I don't think agile itself made all the promises that large projects wanted. However it made a few and then consultants seeing money jumped in and made more promises. Often agile couldn't deliver on the promises because there is good reason large projects can't allow engineers control over some of the things agile demanded engineers control.

Everyone wants to throw out Agile. However I don't see anything to replace it.

1 comments

> That doesn't mean agile is bad just that it wasn't the "silver bullet" management wanted.

Managers didn't want to be eliminated? Who'd a thunk it.
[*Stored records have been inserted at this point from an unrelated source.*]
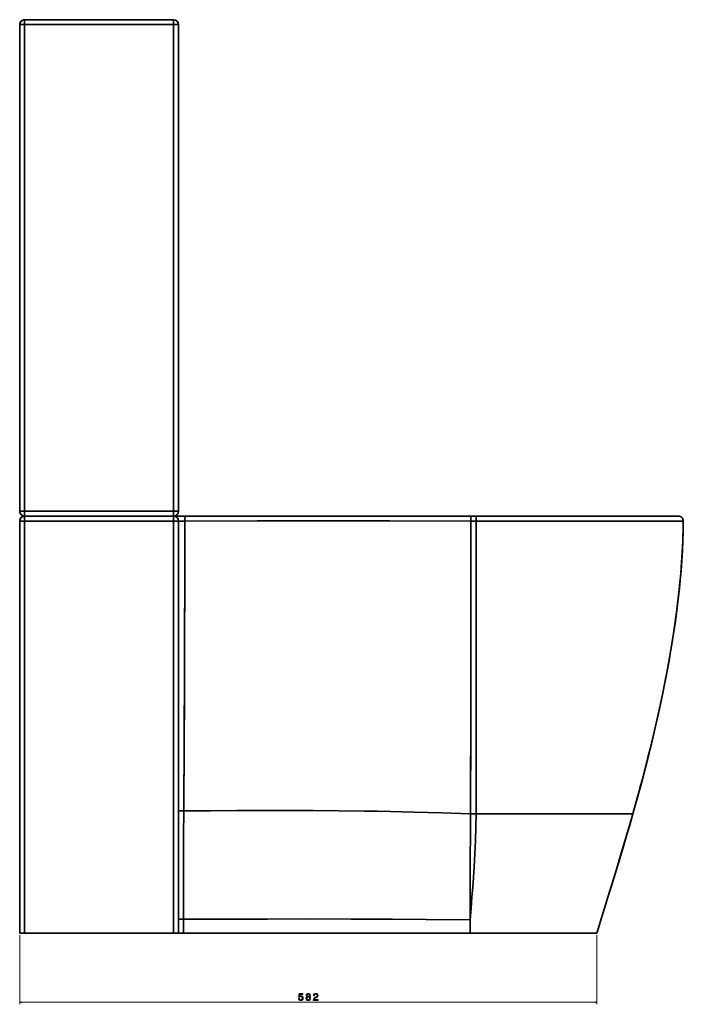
# Model space of a CAD drawing. Extents: x 404 to 1957, y -68 to 2504.
# Tile 8 of 8: x 1288 to 1957, y 1117 to 2109. Entities that reach past the tile are written whole.
import ezdxf

# ---------------------------------------------------------------- set-up
doc = ezdxf.new("R2010")
doc.units = 0

msp = doc.modelspace()

# ---------------------------------------------------------------- linework, layer by layer
at = {"color": 7, "lineweight": 35}
for p, q in [((1288.23, 1614.27), (1288.23, 2104.27)), ((1288.23, 2104.27), (1288.23, 1614.27)), ((1293.23, 2109.27), (1443.23, 2109.27)), ((1443.23, 2109.27), (1293.23, 2109.27)), ((1293.23, 2104.27), (1293.23, 1614.27)), ((1443.23, 2104.27), (1293.23, 2104.27)), ((1293.23, 1614.27), (1293.23, 2104.27)), ((1293.23, 2104.27), (1443.23, 2104.27)), ((1443.23, 1614.27), (1443.23, 2104.27)), ((1443.23, 2104.27), (1443.23, 1614.27)), ((1448.23, 2104.27), (1448.23, 1614.27)), ((1448.23, 2104.27), (1448.23, 1614.27)), ((1448.23, 1614.27), (1448.23, 2104.27)), ((1293.23, 1614.27), (1443.23, 1614.27)), ((1443.23, 1614.27), (1293.23, 1614.27)), ((1443.23, 1609.27), (1293.23, 1609.27)), ((1293.23, 1609.27), (1443.23, 1609.27)), ((1443.23, 1609.27), (1293.23, 1609.27)), ((1293.23, 1609.27), (1443.23, 1609.27)), ((1742.8, 1609.27), (1455.68, 1609.27)), ((1742.8, 1609.27), (1455.68, 1609.27)), ((1951.75, 1609.27), (1748.14, 1609.27)), ((1951.75, 1609.27), (1748.14, 1609.27)), ((1288.23, 1604.27), (1288.23, 1189.27)), ((1288.23, 1189.27), (1288.23, 1604.27)), ((1293.23, 1604.27), (1293.23, 1189.27)), ((1293.23, 1189.27), (1293.23, 1604.27)), ((1293.23, 1604.27), (1443.23, 1604.27)), ((1443.23, 1604.27), (1293.23, 1604.27)), ((1443.23, 1604.27), (1443.23, 1189.27)), ((1443.23, 1189.27), (1443.23, 1604.27)), ((1448.23, 1189.27), (1448.23, 1604.27)), ((1448.23, 1604.27), (1448.23, 1189.27)), ((1448.23, 1604.27), (1448.23, 1312.22)), ((1748.23, 1309.27), (1748.23, 1604.19)), ((1748.23, 1604.19), (1748.23, 1309.27)), ((1448.23, 1312.22), (1448.23, 1203.12)), ((1905.92, 1309.27), (1748.23, 1309.27)), ((1905.92, 1309.27), (1748.23, 1309.27)), ((1293.23, 1189.27), (1443.23, 1189.27)), ((1443.23, 1189.27), (1293.23, 1189.27)), ((1741.94, 1189.27), (1453.17, 1189.27)), ((1741.94, 1189.27), (1453.17, 1189.27)), ((1741.94, 1189.27), (1869.73, 1189.27)), ((1869.73, 1189.27), (1741.94, 1189.27))]:
    msp.add_line(p, q, dxfattribs=at)
at = {"color": 7, "lineweight": 35, "ltscale": 0.125}
for p, q in [((1288.23, 2104.27), (1293.23, 2104.27)), ((1288.23, 2104.27), (1293.23, 2104.27)), ((1293.23, 2104.27), (1293.23, 2109.27)), ((1293.23, 2104.27), (1293.23, 2109.27)), ((1443.23, 2109.27), (1443.23, 2104.27)), ((1443.23, 2109.27), (1443.23, 2104.27)), ((1443.23, 2104.27), (1448.23, 2104.27)), ((1443.23, 2104.27), (1448.23, 2104.27)), ((1293.23, 1614.27), (1288.23, 1614.27)), ((1293.23, 1614.27), (1288.23, 1614.27)), ((1293.23, 1609.27), (1293.23, 1614.27)), ((1293.23, 1609.27), (1293.23, 1614.27)), ((1293.23, 1609.27), (1293.23, 1604.27)), ((1293.23, 1609.27), (1293.23, 1604.27)), ((1443.23, 1614.27), (1443.23, 1609.27)), ((1443.23, 1614.27), (1443.23, 1609.27)), ((1448.23, 1614.27), (1443.23, 1614.27)), ((1448.23, 1614.27), (1443.23, 1614.27)), ((1443.23, 1604.27), (1443.23, 1609.27)), ((1443.23, 1604.27), (1443.23, 1609.27)), ((1293.23, 1604.27), (1288.23, 1604.27)), ((1293.23, 1604.27), (1288.23, 1604.27)), ((1448.23, 1604.27), (1443.23, 1604.27)), ((1448.23, 1604.27), (1443.23, 1604.27)), ((1288.23, 1189.27), (1293.23, 1189.27)), ((1288.23, 1189.27), (1293.23, 1189.27)), ((1443.23, 1189.27), (1448.23, 1189.27)), ((1443.23, 1189.27), (1448.23, 1189.27))]:
    msp.add_line(p, q, dxfattribs=at)
at = {"color": 7, "lineweight": 35, "ltscale": 0.311365}
msp.add_line((1455.68, 1609.27), (1443.23, 1609.27), dxfattribs=at)
at = {"color": 7, "lineweight": 35, "ltscale": 0.000775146}
msp.add_line((1443.26, 1609.27), (1443.23, 1609.27), dxfattribs=at)
at = {"color": 7, "lineweight": 35, "ltscale": 0.255518}
msp.add_line((1455.68, 1609.27), (1445.46, 1609.27), dxfattribs=at)
at = {"color": 7, "lineweight": 35, "ltscale": 0.133432}
msp.add_line((1748.14, 1609.27), (1742.8, 1609.27), dxfattribs=at)
msp.add_line((1748.14, 1609.27), (1742.8, 1609.27), dxfattribs=at)
at = {"color": 7, "lineweight": 35, "ltscale": 0.135443}
for p, q in [((1748.23, 1604.19), (1742.81, 1604.19)), ((1742.81, 1604.19), (1748.23, 1604.19))]:
    msp.add_line(p, q, dxfattribs=at)
at = {"color": 7, "lineweight": 35, "ltscale": 0.072177}
msp.add_line((1748.23, 1604.19), (1748.23, 1601.3), dxfattribs=at)
at = {"color": 7, "lineweight": 35, "ltscale": 0.072079}
msp.add_line((1748.23, 1601.31), (1748.23, 1604.19), dxfattribs=at)
at = {"color": 7, "lineweight": 35, "ltscale": 0.000527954}
msp.add_line((1748.23, 1581.64), (1748.23, 1581.62), dxfattribs=at)
at = {"color": 7, "lineweight": 35, "ltscale": 0.000524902}
msp.add_line((1748.23, 1581.61), (1748.23, 1581.64), dxfattribs=at)
at = {"color": 7, "lineweight": 35, "ltscale": 0.146912}
msp.add_line((1748.23, 1309.27), (1742.35, 1309.27), dxfattribs=at)
msp.add_line((1748.23, 1309.27), (1742.35, 1309.27), dxfattribs=at)
at = {"color": 7, "lineweight": 35, "ltscale": 0.346176}
msp.add_line((1448.23, 1203.12), (1448.23, 1189.27), dxfattribs=at)
at = {"color": 7, "lineweight": 35, "ltscale": 0.345872}
for p, q in [((1453.17, 1189.27), (1453.14, 1203.11)), ((1453.14, 1203.11), (1453.17, 1189.27))]:
    msp.add_line(p, q, dxfattribs=at)
at = {"color": 7, "lineweight": 13}
for p, q in [((1288.23, 1187.27), (1288.23, 1117.47)), ((1869.73, 1187.27), (1869.73, 1117.47)), ((1288.23, 1119.47), (1869.73, 1119.47))]:
    msp.add_line(p, q, dxfattribs=at)
at = {"color": 7, "lineweight": 35, "ltscale": 0.123569}
for p, q in [((1453.17, 1189.27), (1448.23, 1189.27)), ((1448.23, 1189.27), (1453.17, 1189.27))]:
    msp.add_line(p, q, dxfattribs=at)
at = {"color": 7, "lineweight": 35}
for points in [[(1454.46, 1604.29), (1454.51, 1605.77), (1454.68, 1607.17), (1454.81, 1607.81), (1454.98, 1608.37), (1455.12, 1608.72), (1455.28, 1609), (1455.46, 1609.19), (1455.57, 1609.25), (1455.68, 1609.27)], [(1454.46, 1604.29), (1454.51, 1605.77), (1454.68, 1607.17), (1454.81, 1607.81), (1454.98, 1608.37), (1455.12, 1608.72), (1455.28, 1609), (1455.46, 1609.19), (1455.57, 1609.25), (1455.68, 1609.27)], [(1748.23, 1604.19), (1748.21, 1607.5), (1748.18, 1608.76), (1748.16, 1609.18), (1748.15, 1609.27), (1748.14, 1609.27), (1748.14, 1609.27), (1748.14, 1609.27)], [(1748.23, 1604.19), (1748.21, 1607.5), (1748.18, 1608.76), (1748.16, 1609.18), (1748.15, 1609.27), (1748.14, 1609.27), (1748.14, 1609.27), (1748.14, 1609.27)], [(1454.46, 1604.29), (1449.47, 1604.29), (1448.29, 1604.28), (1448.24, 1604.27), (1448.23, 1604.27)], [(1448.23, 1604.27), (1448.23, 1604.27), (1448.59, 1604.28), (1454.46, 1604.29)], [(1454.46, 1604.29), (1454.5, 1585.08), (1454.51, 1541.83), (1454.41, 1483.45), (1454.32, 1454.25), (1453.97, 1383.25), (1453.49, 1312.26)], [(1453.49, 1312.26), (1453.99, 1385.29), (1454.18, 1421.81), (1454.42, 1487.53), (1454.51, 1545.91), (1454.51, 1575.11), (1454.46, 1604.29)], [(1742.81, 1604.19), (1658.24, 1604.35), (1595.78, 1604.44), (1533.58, 1604.44), (1454.46, 1604.29)], [(1454.46, 1604.29), (1527.62, 1604.43), (1594, 1604.44), (1660.68, 1604.35), (1742.81, 1604.19)], [(1742.35, 1309.27), (1742.64, 1425.97), (1742.74, 1484.68), (1742.81, 1573.98), (1742.81, 1604.19)], [(1742.35, 1309.27), (1742.58, 1396.46), (1742.74, 1484.68), (1742.8, 1544.11), (1742.81, 1604.19)], [(1748.23, 1604.19), (1893.63, 1604.16), (1956.75, 1604.23)], [(1956.75, 1604.23), (1859.98, 1604.13), (1748.23, 1604.19)], [(1905.92, 1309.27), (1908.39, 1318.01), (1910.82, 1326.73), (1913.09, 1335.07), (1915.33, 1343.41), (1918.67, 1356.19), (1921.92, 1368.96), (1925.05, 1381.72), (1928.07, 1394.46), (1931.38, 1409), (1934.52, 1423.52), (1936.04, 1430.77), (1937.5, 1438.01), (1939.76, 1449.58), (1941.91, 1461.13), (1943.93, 1472.65), (1945.82, 1484.15), (1947.59, 1495.62), (1949.33, 1507.89), (1950.14, 1514.01), (1950.91, 1520.13), (1951.87, 1528.26), (1952.75, 1536.37), (1953.55, 1544.46), (1954.44, 1554.53), (1955.19, 1564.57), (1955.8, 1574.56), (1956.27, 1584.5), (1956.59, 1594.39), (1956.69, 1599.32), (1956.75, 1604.23)], [(1956.75, 1604.23), (1956.69, 1599.17), (1956.58, 1594.11), (1956.43, 1588.96), (1956.24, 1583.8), (1956.01, 1578.56), (1955.73, 1573.31), (1955.41, 1567.96), (1955.05, 1562.62), (1954.21, 1551.75), (1953.19, 1540.69), (1952, 1529.44), (1950.65, 1518), (1949.12, 1506.37), (1947.43, 1494.55), (1945.56, 1482.54), (1943.53, 1470.35), (1941.33, 1457.96), (1938.96, 1445.39), (1936.42, 1432.63), (1933.71, 1419.68), (1930.83, 1406.54), (1927.78, 1393.21), (1924.56, 1379.69), (1921.17, 1365.99), (1917.61, 1352.09), (1913.89, 1338.01), (1909.99, 1323.73), (1905.92, 1309.27)], [(1956.75, 1604.23), (1956.61, 1595.12), (1956.33, 1585.96), (1955.92, 1576.75), (1955.38, 1567.5), (1954.73, 1558.21), (1954.1, 1550.45), (1953.38, 1542.66), (1952.59, 1534.84), (1951.95, 1528.97), (1951.27, 1523.08), (1949.79, 1511.28), (1948.39, 1501.14), (1946.89, 1490.97), (1945.28, 1480.77), (1943.57, 1470.55), (1942.37, 1463.73), (1941.13, 1456.9), (1938.53, 1443.21), (1935.77, 1429.49), (1932.87, 1415.82), (1929.83, 1402.13), (1926.65, 1388.42), (1923.33, 1374.69), (1919.89, 1360.94), (1916.93, 1349.47), (1913.88, 1338), (1910.76, 1326.51), (1908.36, 1317.89), (1905.92, 1309.27)], [(1956.75, 1604.23), (1956.69, 1599.17), (1956.58, 1594.11), (1956.43, 1588.96), (1956.24, 1583.8), (1956.01, 1578.56), (1955.73, 1573.31), (1955.41, 1567.96), (1955.05, 1562.62), (1954.21, 1551.75), (1953.19, 1540.69), (1952, 1529.44), (1950.65, 1518), (1949.12, 1506.37), (1947.43, 1494.55), (1945.56, 1482.54), (1943.53, 1470.35), (1941.33, 1457.96), (1938.96, 1445.39), (1936.42, 1432.63), (1933.71, 1419.68), (1930.83, 1406.54), (1927.78, 1393.21), (1924.56, 1379.69), (1921.17, 1365.99), (1917.61, 1352.09), (1913.89, 1338.01), (1909.99, 1323.73), (1905.92, 1309.27)], [(1448.23, 1312.22), (1448.23, 1312.22), (1448.23, 1312.22), (1448.27, 1312.22), (1448.56, 1312.23), (1450.54, 1312.25), (1453.49, 1312.26)], [(1448.23, 1312.22), (1448.23, 1312.22), (1448.24, 1312.22), (1448.31, 1312.22), (1448.91, 1312.24), (1453.49, 1312.26)], [(1453.14, 1203.11), (1453.13, 1225.05), (1453.2, 1262.99), (1453.32, 1287.62), (1453.49, 1312.26)], [(1453.49, 1312.26), (1453.32, 1287.62), (1453.2, 1262.98), (1453.13, 1225.04), (1453.14, 1203.11)], [(1742.35, 1309.27), (1713.05, 1310.28), (1685.35, 1311.1), (1661.78, 1311.68), (1648.73, 1311.94), (1635.69, 1312.16), (1609.63, 1312.48), (1583.6, 1312.68), (1557.57, 1312.75), (1532.32, 1312.74), (1507.08, 1312.64), (1480.29, 1312.48), (1453.49, 1312.26)], [(1742.35, 1309.27), (1713.05, 1310.28), (1685.38, 1311.1), (1661.88, 1311.68), (1648.82, 1311.94), (1635.78, 1312.16), (1609.71, 1312.48), (1583.66, 1312.68), (1557.62, 1312.75), (1532.35, 1312.74), (1507.08, 1312.64), (1480.29, 1312.48), (1453.49, 1312.26)], [(1742.01, 1202.6), (1742.96, 1214.16), (1743.86, 1225.73), (1744.58, 1235.46), (1745.25, 1245.18), (1745.93, 1255.82), (1746.69, 1269.13), (1747.34, 1282.48), (1747.85, 1295.87), (1748.23, 1309.27)], [(1742.01, 1202.6), (1742.17, 1244.95), (1742.35, 1309.27)], [(1742.01, 1202.6), (1742.17, 1244.95), (1742.35, 1309.27)], [(1742.01, 1202.6), (1742.96, 1214.16), (1743.86, 1225.73), (1744.58, 1235.46), (1745.25, 1245.18), (1745.93, 1255.82), (1746.69, 1269.13), (1747.34, 1282.48), (1747.85, 1295.87), (1748.23, 1309.27)], [(1869.73, 1189.27), (1882.54, 1230.93), (1888.01, 1248.87), (1892.86, 1264.88), (1897.66, 1280.93), (1902.4, 1297.05), (1905.92, 1309.27)], [(1905.92, 1309.27), (1903.15, 1299.64), (1900.34, 1290.01), (1896.01, 1275.4), (1891.64, 1260.84), (1884.36, 1236.9), (1882.53, 1230.91), (1869.73, 1189.27)], [(1448.23, 1203.12), (1448.24, 1203.12), (1448.78, 1203.11), (1453.14, 1203.11)], [(1448.23, 1203.12), (1448.24, 1203.12), (1448.78, 1203.11), (1453.14, 1203.11)], [(1742.01, 1202.6), (1697.71, 1203.02), (1663.93, 1203.23), (1622.04, 1203.38), (1580.07, 1203.41), (1537.85, 1203.36), (1509.66, 1203.29), (1453.14, 1203.11)], [(1742.01, 1202.6), (1697.72, 1203.02), (1663.93, 1203.23), (1622.04, 1203.38), (1580.06, 1203.41), (1537.85, 1203.36), (1509.66, 1203.29), (1453.14, 1203.11)]]:
    msp.add_lwpolyline(points, dxfattribs=at)
at = {"color": 7, "lineweight": 13}
for points in [[(1569.01, 1123.3), (1569.23, 1122.47), (1569.72, 1121.82), (1570.45, 1121.42), (1571.38, 1121.27), (1572.4, 1121.45), (1573.19, 1121.95), (1573.7, 1122.73), (1573.89, 1123.74), (1573.72, 1124.68), (1573.23, 1125.42), (1572.48, 1125.89), (1571.5, 1126.06), (1570.74, 1125.94), (1570.16, 1125.61), (1570.44, 1127.49), (1573.51, 1127.49), (1573.51, 1128.32), (1569.76, 1128.32), (1569.21, 1124.61), (1570.02, 1124.61), (1570.6, 1125.08), (1571.35, 1125.25), (1571.99, 1125.14), (1572.49, 1124.82), (1572.8, 1124.33), (1572.91, 1123.69), (1572.8, 1123.05), (1572.48, 1122.56), (1571.98, 1122.25), (1571.35, 1122.14), (1570.81, 1122.21), (1570.4, 1122.44), (1570.1, 1122.8), (1569.95, 1123.3)], [(1577.73, 1125.24), (1577.22, 1124.96), (1576.86, 1124.57), (1576.64, 1124.07), (1576.57, 1123.48), (1576.73, 1122.58), (1577.2, 1121.88), (1577.95, 1121.44), (1578.98, 1121.27), (1580, 1121.44), (1580.76, 1121.88), (1581.22, 1122.58), (1581.39, 1123.48), (1581.31, 1124.07), (1581.1, 1124.57), (1580.74, 1124.96), (1580.23, 1125.24), (1580.63, 1125.49), (1580.92, 1125.82), (1581.09, 1126.22), (1581.15, 1126.72), (1580.99, 1127.43), (1580.56, 1128.01), (1579.88, 1128.38), (1578.98, 1128.52), (1578.07, 1128.38), (1577.39, 1128.01), (1576.95, 1127.43), (1576.8, 1126.72), (1576.85, 1126.22), (1577.02, 1125.82)], [(1577.54, 1123.5), (1577.63, 1124.03), (1577.92, 1124.44), (1578.38, 1124.7), (1578.98, 1124.79), (1579.58, 1124.7), (1580.03, 1124.44), (1580.32, 1124.03), (1580.42, 1123.5), (1580.32, 1122.92), (1580.03, 1122.49), (1579.58, 1122.21), (1578.98, 1122.12), (1578.38, 1122.21), (1577.92, 1122.49), (1577.63, 1122.92)], [(1577.76, 1126.64), (1577.84, 1127.08), (1578.08, 1127.42), (1578.47, 1127.63), (1578.98, 1127.71), (1579.49, 1127.63), (1579.87, 1127.42), (1580.11, 1127.08), (1580.2, 1126.64), (1580.11, 1126.18), (1579.87, 1125.83), (1579.49, 1125.6), (1578.98, 1125.53), (1578.47, 1125.61), (1578.08, 1125.83), (1577.84, 1126.18)], [(1583.99, 1121.47), (1588.8, 1121.47), (1588.8, 1122.34), (1585, 1122.34), (1585.21, 1122.81), (1585.58, 1123.21), (1586.69, 1123.92), (1587.29, 1124.22), (1587.96, 1124.66), (1588.43, 1125.16), (1588.7, 1125.76), (1588.8, 1126.43), (1588.63, 1127.28), (1588.16, 1127.95), (1587.43, 1128.37), (1586.49, 1128.52), (1585.52, 1128.35), (1584.79, 1127.88), (1584.31, 1127.12), (1584.15, 1126.12), (1584.15, 1125.98), (1585.07, 1125.98), (1585.07, 1126.06), (1585.16, 1126.75), (1585.43, 1127.25), (1585.87, 1127.57), (1586.44, 1127.68), (1587.03, 1127.58), (1587.46, 1127.33), (1587.74, 1126.94), (1587.84, 1126.44), (1587.77, 1125.98), (1587.58, 1125.59), (1587.26, 1125.24), (1586.82, 1124.94), (1586.22, 1124.62), (1585.23, 1123.99), (1584.54, 1123.33), (1584.12, 1122.52), (1583.99, 1121.5)]]:
    msp.add_lwpolyline(points, close=True, dxfattribs=at)
for points in [[(1290.16, 1119.99), (1288.23, 1119.47), (1290.16, 1118.95)], [(1867.8, 1118.95), (1869.73, 1119.47), (1867.8, 1119.99)]]:
    msp.add_lwpolyline(points, dxfattribs=at)
at = {"color": 7, "lineweight": 35}
for centre, radius, start, end in [((1293.23, 2104.27), 5, 90, 179.99999), ((1293.23, 2104.27), 5, 90, 180.00001), ((1443.23, 2104.27), 5, 0, 90), ((1443.23, 2104.27), 5, 0, 90), ((1293.23, 1614.27), 5, 179.99999, 270), ((1293.23, 1614.27), 5, 180.00001, 270), ((1293.23, 1614.27), 5, 179.99999, 270), ((1293.23, 1604.27), 5, 90, 179.99999), ((1293.23, 1604.27), 5, 90, 180.00001), ((1443.23, 1614.27), 5, 270, 360), ((1443.23, 1614.27), 5, 270, 360), ((1443.23, 1614.27), 5, 270, 360), ((1443.23, 1604.27), 5, 0, 90), ((1443.23, 1604.27), 5, 0, 90), ((542.98, 1605.67), 1199.83, 359.92944, 0.17196), ((539.71, 1605.67), 1203.1, 359.92953, 0.1714), ((1951.75, 1604.27), 5, 359.51077, 89.99998), ((1951.75, 1604.27), 5, 359.51077, 89.99999), ((-294.34, 1936.84), 2288.01, 343.8116, 344.08058), ((-294.34, 1936.84), 2288.01, 343.8116, 344.08058), ((-9097.32, 1256.77), 10839.47, 359.643204, 359.713639), ((-9101.84, 1256.8), 10843.98, 359.643218, 359.713624)]:
    msp.add_arc(centre, radius, start, end, dxfattribs=at)

doc.saveas('drawing.dxf')

Which is also why Agile is oft considered "bad" as management by and large never actually walked away, they just pushed some of workload off onto developers under the guise of "Agile" and half-ass adopted tools designed for a flat organizational structure in a hierarchical structure with all of the impedance mismatches to go along with that.

> Everyone wants to throw out Agile. However I don't see anything to replace it.

It's not so much that anyone, non-manager at least, wants to throw out Agile per se, but in this high (relatively, at least) interest rate environment there is more of a crackdown on the work people are doing, so managers are trying to reel back in the boring work they earlier tried to outsource onto developers in order to continue to justify their jobs. That is what has replaced it, so to speak.

Upper management wants to get things done (and their golf game/whatever they do). They see software is expensive, late, and buggy.

Each middle manager wants to be the person who delivers and thus gets a promotion (eventually leading to upper management). If they eliminate other middle managers on the way that is okay (depending on politics of course).

Yes, you bring up a good point about the other practical issue with adopting Agile. It says that the developers and the business people need to work together daily, as becomes necessary when there isn't a manager to act as the go-between, but as you point out the business people in reality just want to play golf, not become shared participants in the development process.

But, again, Agile is pretty clear that it requires special people. It was never meant for everyone. To observe it in a light where it is applicable to all organizations violates its very existence.